The New Sudoku Players' Forum

[creint]

Removing pencilmarks to make it harder.
A special case but hard to define what the restrictions are. Unique solution assumptions are dangerous until fully proven.

Can you still post your solution without using that 7?
Do you know any solvers that can solve this?

[Leren]

Hi creint,

Since you seem to not use uniqueness moves the best way forward is to re-define the original problem with the 7 as the only candidate in r6c3, reducing the total number of candidates to 604.

The only public Str8ts solvers I know about are the one on Andrew Stuart's site, and one I found here, but I haven't used it.

The solution with the 7 as a clue is relatively easy, by the standards of so called Extreme Stre8ts puzzles, but as with most Str8ts puzzles, takes a lot of moves. My solution takes 69 moves, none too difficult but not practical to post on the forum.

The solution with just the 3 removed is much harder. My solver (in humanistic mode) can't solve it, and I doubt whether any non-guessing solver can.

There is very little publicly available information on Str8ts humanistic solving methods. Apart from Andrew Stuart's explanations, the slideshow here is about the best I can do.

You can try and get as far as you can and then post a PM and I can suggest a way forward. As I said before you can remove 2 & 3 from the lower compartment in Column 1, which will solve a few cells.

Leren

[eleven]

Removing pencilmarks to make it harder.
A special case but hard to define what the restrictions are. Unique solution assumptions are dangerous until fully proven.

Isn't the proof obvious ?
If each digit in each cell can be replaced by the complement, every sequence keeps to be a sequence, and all normal sudoku rules are kept valid too to give a second solution for such a "symmetric" candidate grid.
No matter, how much candidates you have in the cell, as long as the complement of each digit is there too.

[yzfwsf]

For fun, I tried your examples.
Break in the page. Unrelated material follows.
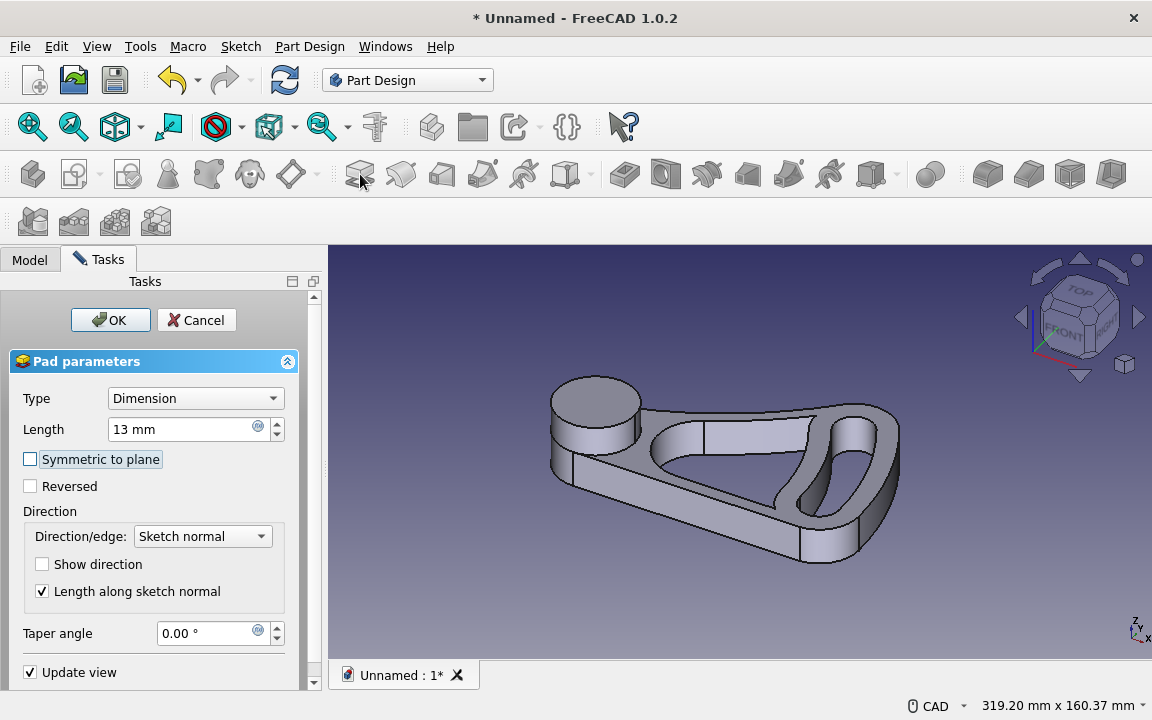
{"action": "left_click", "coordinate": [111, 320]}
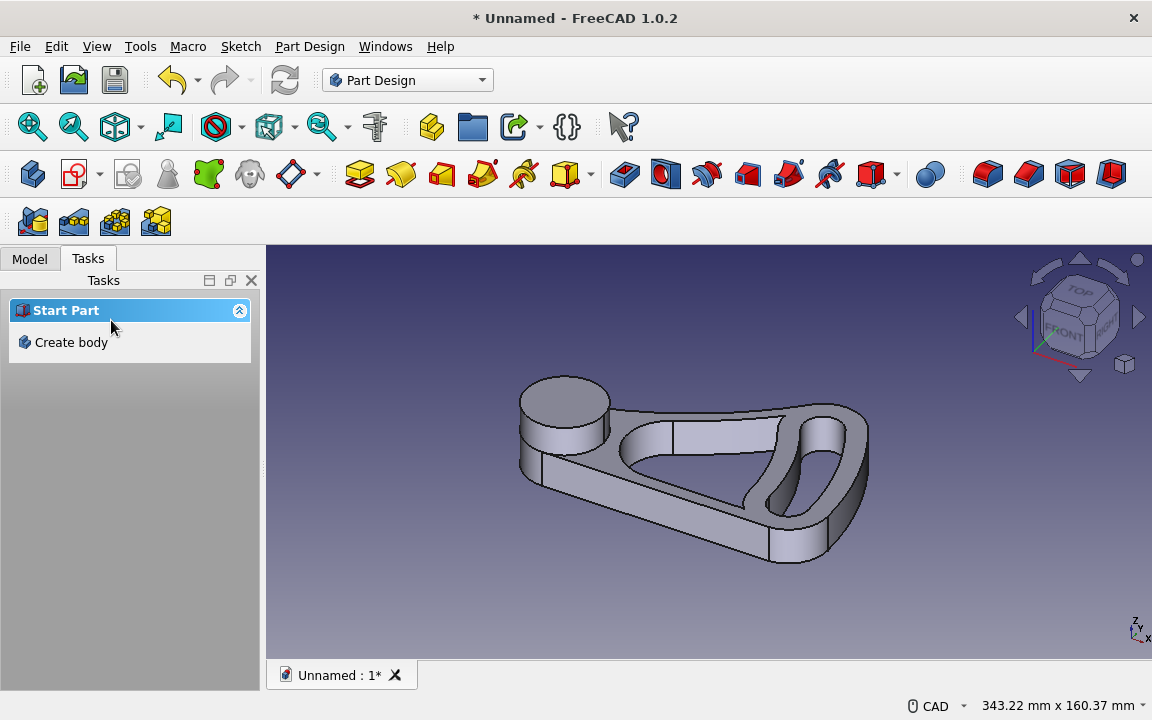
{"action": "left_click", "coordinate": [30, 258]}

SudoRules allows to do this easily:

SKFR rate this sukaku at ER/EP/ED=8.9/1.2/1.2

[creint]

If you add an greater-than constraint then you don't need to remove a pencil mark. A lot of rules must apply and checked before this can be used, I don't know if this is an usable tactic for users.
My solver can solve it with easy tactics when 7 placed. Else it needs chains in chains, SE < 12.